Response: What SIZE SAILBOAT should you buy? HOW BIG is TOO BIG?

https://www.youtube.com/watch?v=6Fv-0aDO2Wg

   I use the following to determine the size of a monohull boat I think is good enough and the rules for evaluating other boats. 

   Let’s say I pick a 45-foot boat, then I’d expect the beam to be 15 feet (carried one third from the stern to midship), the draft to be at least 5 feet, and the free board to be at least 5 feet (or about a tenth the length of the waterline!). Basically, it’s the rule of thirds. In reverse if I have a boat that must fit on an American trailer the boat can’t be wider than 8 feet so should be no longer than 24 feet and have a draft around 2 feet (not counting a swing keel). 

   Using the above formulation another example can be derived. For open sea work you want the freeboard to be the height of most working waves and to be at least one third the size of a rogue or storm waves. Similarly in construction of glass boats the free board should be a third thicker for every third of the way to the waterline. A two-inch-thick hull at the cap rail would be a four-inch-thick hull at the water line to keel (now that is beefy). 
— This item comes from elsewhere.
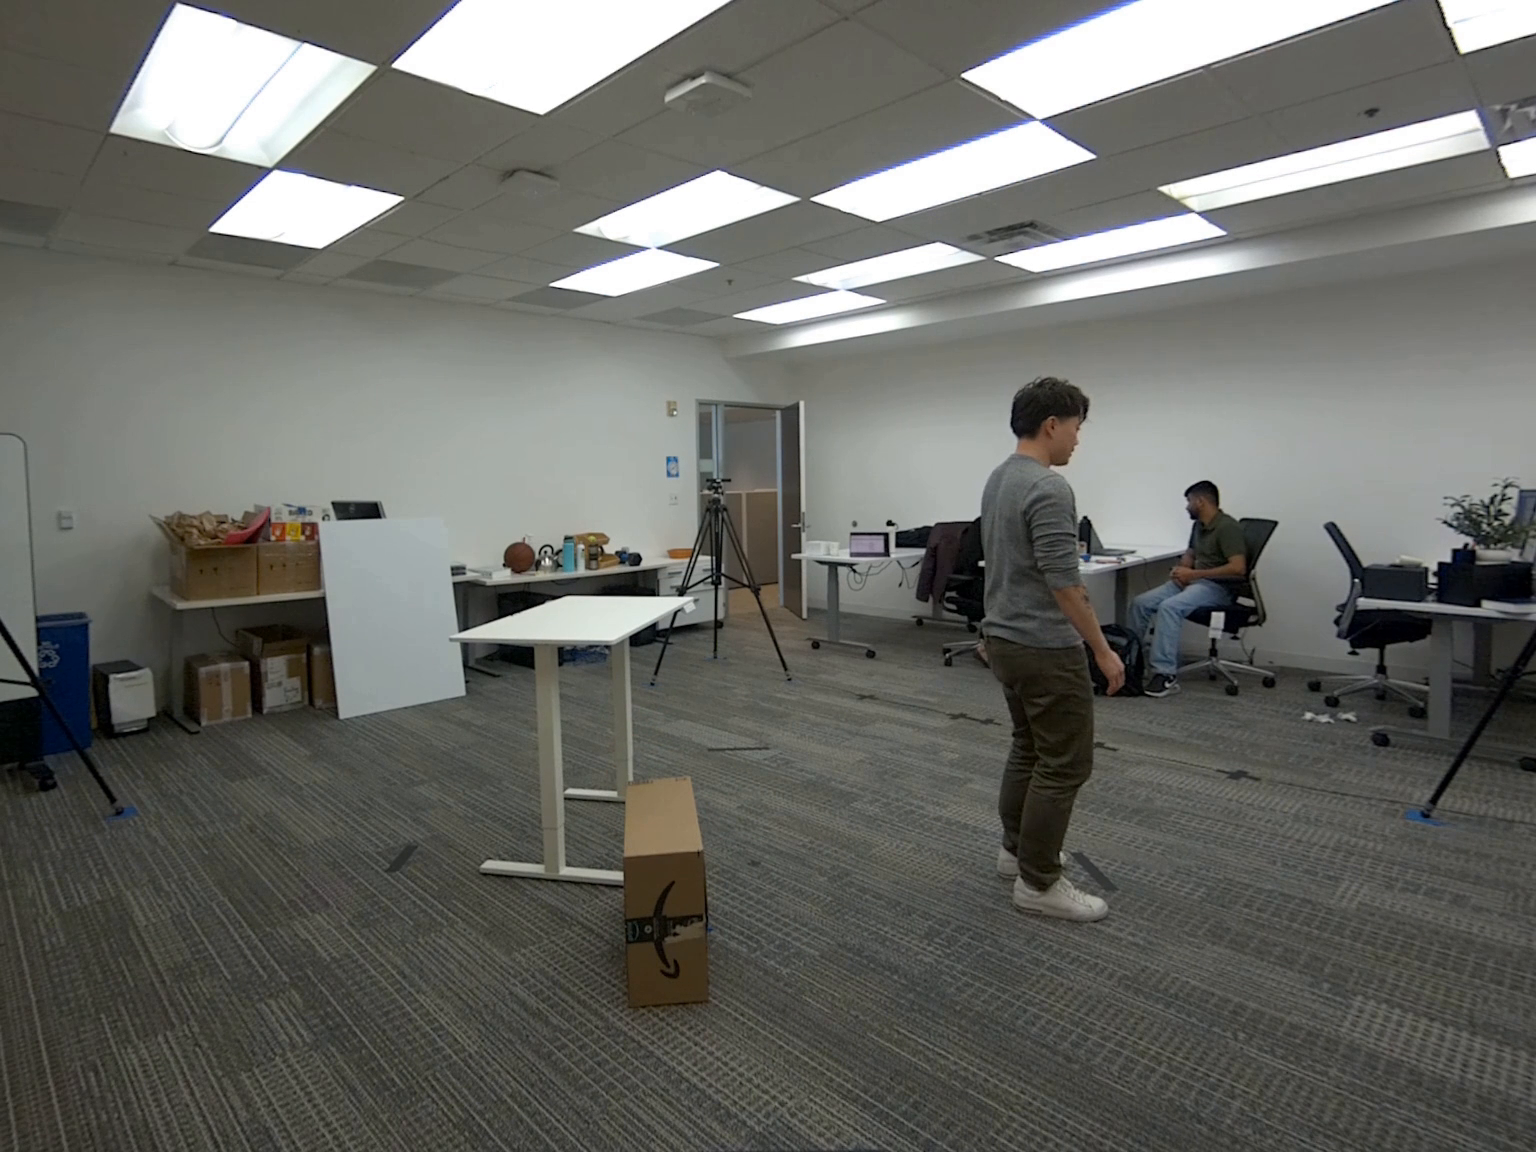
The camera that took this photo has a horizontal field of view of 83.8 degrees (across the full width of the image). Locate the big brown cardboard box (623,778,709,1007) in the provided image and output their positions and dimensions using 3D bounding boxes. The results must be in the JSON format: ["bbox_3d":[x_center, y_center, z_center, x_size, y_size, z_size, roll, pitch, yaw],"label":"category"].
[{"bbox_3d":[-0.306,0.906,2.550,0.232,0.415,0.595,-3,6,-7],"label":"big brown cardboard box"}]

   For sea kindly rig you don’t want the rig to be much more than a third longer than the length over all the boat. So, a 40-foot boat could carry a 60-foot rig. 

   If you take all these numbers determine ballast at between a third and half the weight of the boat all in. Then you start coming up with volume and internal weight numbers that are consistent. That is where design starts to diverge and why all boats don’t look alike. As such there are lots and lots of examples of boats that simply don’t match (like nearly every performance race boat). 

Given all that, Uffa Fox supposedly said a man needs a boat with a foot of waterline for every year of his age. I think it better said a man needs a boat with a foot of waterline for every year of the age he acts. I’m going to keep acting like a 40 year old reprobate as long as I can.